Menuju konten utama

Melihat Rambu Solo di Sangalla: Kemuliaan di Tana Toraja

Usai bersemayam di tongkonan selama 4 tahun, tibalah Ne’ Bu’tu diantarkan menuju kedamaian abadi lewat prosesi rambu' solo.

Melihat Rambu Solo di Sangalla: Kemuliaan di Tana Toraja
Kain merah menjulur dari rumah tongkonan besar untuk menurunkan peti jenazah Ne'Butu ke lumbung. tirto.id/Hafitz Maulana

tirto.id - Acara penerimaan tamu memang belum diadakan. Tapi, hampir tiap hari jelang acara rambu' solo (upacara kematian) almarhum Petrus Bu’tu, orang-orang berdatangan di pagi yang dingin di Leatung Matallo (Bo’ne), Sangalla Utara, Tana Toraja. Kepada yang datang, kopi hangat selalu terhidang tak putus-putus. Pada jam sarapan atau makan siang, nasi beserta lauk juga terhidang.

Almarhum Petrus Bu’tu—dikenal sebagai Ne’ Bu’tu—meninggal pada 15 Mei 2014. Waktu meninggal, umurnya antara 90-95 tahun. Petrus Bu’tu dianggap salah satu tokoh masyarakat di kampung. Ia pernah jadi juru tulis pada masa muda. Ayah 9 anak, kakek 28 cucu, dan buyut dengan 14 cicit ini masih bersemayam di tongkonan—rumah khas Toraja—milik keluarga besarnya.

Butuh waktu empat tahun bagi Ne’ Bu’tu bersemayam di rumah. "Menunggu kesepakatan keluarga. Setelah keluarga sepakat, khususnya kami, anak-cucu, baru diadakan persiapan untuk pemakaman,” ujar salah seorang menantunya, Yusuf Rante Bunga.

Selama belum diacarakan rambu' solo dan bersemayam di rumah, maka jenazah belumlah dianggap meninggal. Dipercaya, ruhnya masih di sekitar rumah dan bersama keluarganya.
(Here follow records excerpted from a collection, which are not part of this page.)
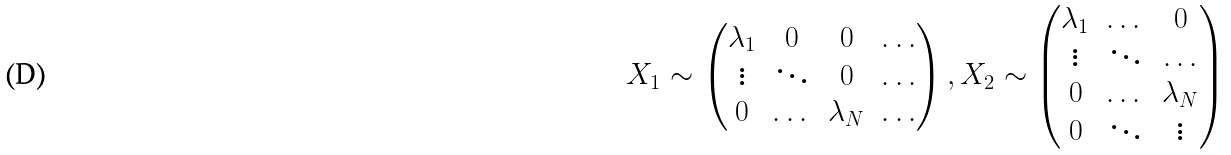<formula> <loc_0><loc_0><loc_500><loc_500>X _ { 1 } \sim \begin{pmatrix} \lambda _ { 1 } & 0 & 0 & \dots \\ \vdots & \ddots & 0 & \dots \\ 0 & \dots & \lambda _ { N } & \dots \end{pmatrix} , X _ { 2 } \sim \begin{pmatrix} \lambda _ { 1 } & \dots & 0 \\ \vdots & \ddots & \dots \\ 0 & \dots & \lambda _ { N } \\ 0 & \ddots & \vdots \end{pmatrix}</formula> 
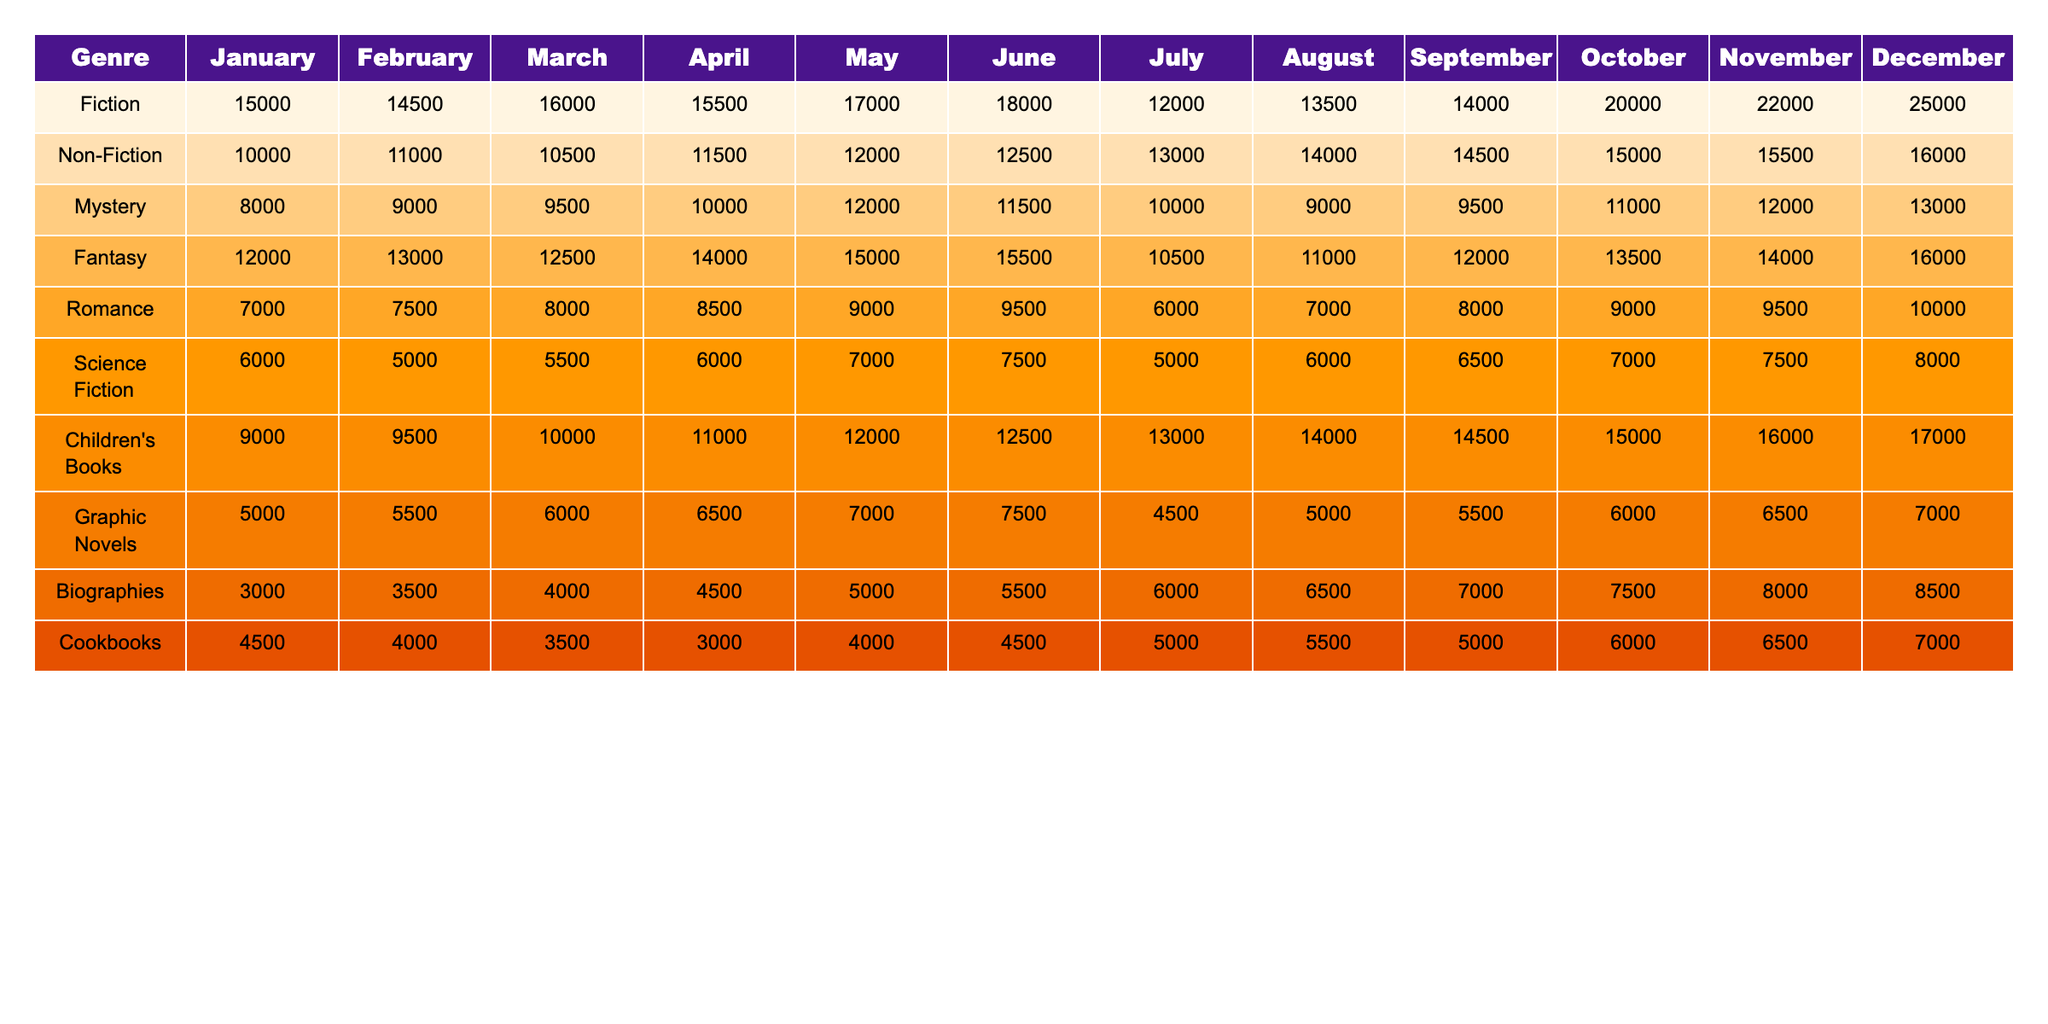What's the total number of Fiction books sold in May? By checking the table under the Fiction genre for May, we find the value 17000, which represents the total number of Fiction books sold.
Answer: 17000 Which genre had the highest sales in December? Observing the table for December, we see that Fiction had sales of 25000, which is higher than any other genre.
Answer: Fiction What is the difference in sales between Non-Fiction in November and October? For Non-Fiction, the sales in November are 15500, and in October they are 15000. The difference is 15500 - 15000 = 500.
Answer: 500 What is the average number of Children's Books sold over the year? We sum the sales for Children's Books across all months: (9000 + 9500 + 10000 + 11000 + 12000 + 12500 + 13000 + 14000 + 14500 + 15000 + 16000 + 17000) = 143000. Dividing by 12 months gives us 143000 / 12 = 11916.67, rounding gives approximately 11917.
Answer: 11917 Did Mystery sales ever reach 13000 units in any month? Looking through the Mystery sales data, the maximum value reached is 13000 in December, confirming that it did reach this amount.
Answer: Yes What was the peak sales month for Romance books? Reviewing the table, Romance sales peaked at 10000 units in December. We can confirm this by analyzing the monthly sales figures.
Answer: December In which month did Graphic Novels experience their lowest sales? Checking the data for Graphic Novels, we observe the lowest sales were in July at 4500 units.
Answer: July What was the total sales for Science Fiction from January to March? Adding the sales for Science Fiction across those three months gives: 6000 (January) + 5000 (February) + 5500 (March) = 16500.
Answer: 16500 How much more did Fantasy books sell in October compared to March? In October, Fantasy book sales were 13500 and in March, they were 12500. The difference is 13500 - 12500 = 1000.
Answer: 1000 What genre had a consistent growth in sales every month? Analyzing the sales figures, Non-Fiction shows a steady increase each month without any decline or plateau.
Answer: Non-Fiction Over the entire year, which genre had the least total sales? By summing up all the monthly sales for each genre, cookbooks had the least total sales: (4500 + 4000 + 3500 + 3000 + 4000 + 4500 + 5000 + 5500 + 5000 + 6000 + 6500 + 7000) = 48500, which is less than any other genre.
Answer: Cookbooks

Si jenazah dianggap dalam kondisi jiwa yang sakit atau lemah. Dan, karena itu, untuk menuju kedamaian abadi bernama Puya, keluarga perlu mengantarkannya lewat rambu' solo. Tak heran jika jenazah tinggal dalam satu rumah dengan keluarga di tongkonan.

Tak semua jenazah dimakamkan setelah empat tahun meninggal. Ada yang setahun bahkan sampai puluhan tahun. Jika dalam kurun waktu lama, tak jarang anggota keluarga lain juga meninggal. Menurut Ismail Solli, seorang kerabat Yusuf Bunga, ada yang memakamkan tiga jenazah sekaligus dalam satu rangkaian rambu' solo.

Yusuf Rante Bunga mengaku miliaran rupiah digelontorkan untuk acara besar ini. Dari membangun pondok-pondok (lantang) yang jumlah biliknya mencapai 20-an—untuk nantinya ditempati keluarga dari jauh yang datang. Dalam kurun waktu dua bulan, lantang-lantang itu disiapkan. Dan pastinya, ada 40 ekor kerbau yang akan dipotong untuk dibagikan.

Sebelum acara inti, ada beberapa upacara yang harus ditunaikan.

Saat saya datang ke sana, 5 Juli lalu, saya melihat kerbau-kerbau dikumpulkan di tongkonan tempat upacara diadakan. Upacara ini biasa disebut sebagai ma’pasa’ tedong (mengumpulkan kerbau). Upacara rambu solo untuk almarhum Petrus Bu’tu terbilang istimewa. Tak lain karena ada ma’pasilaga tedong (adu-kerbau), yang diminati banyak orang Toraja. Tak semua rambu solo ada adu kerbau. Hanya golongan yang dianggap tinggi yang biasa mengadakan adu kerbau.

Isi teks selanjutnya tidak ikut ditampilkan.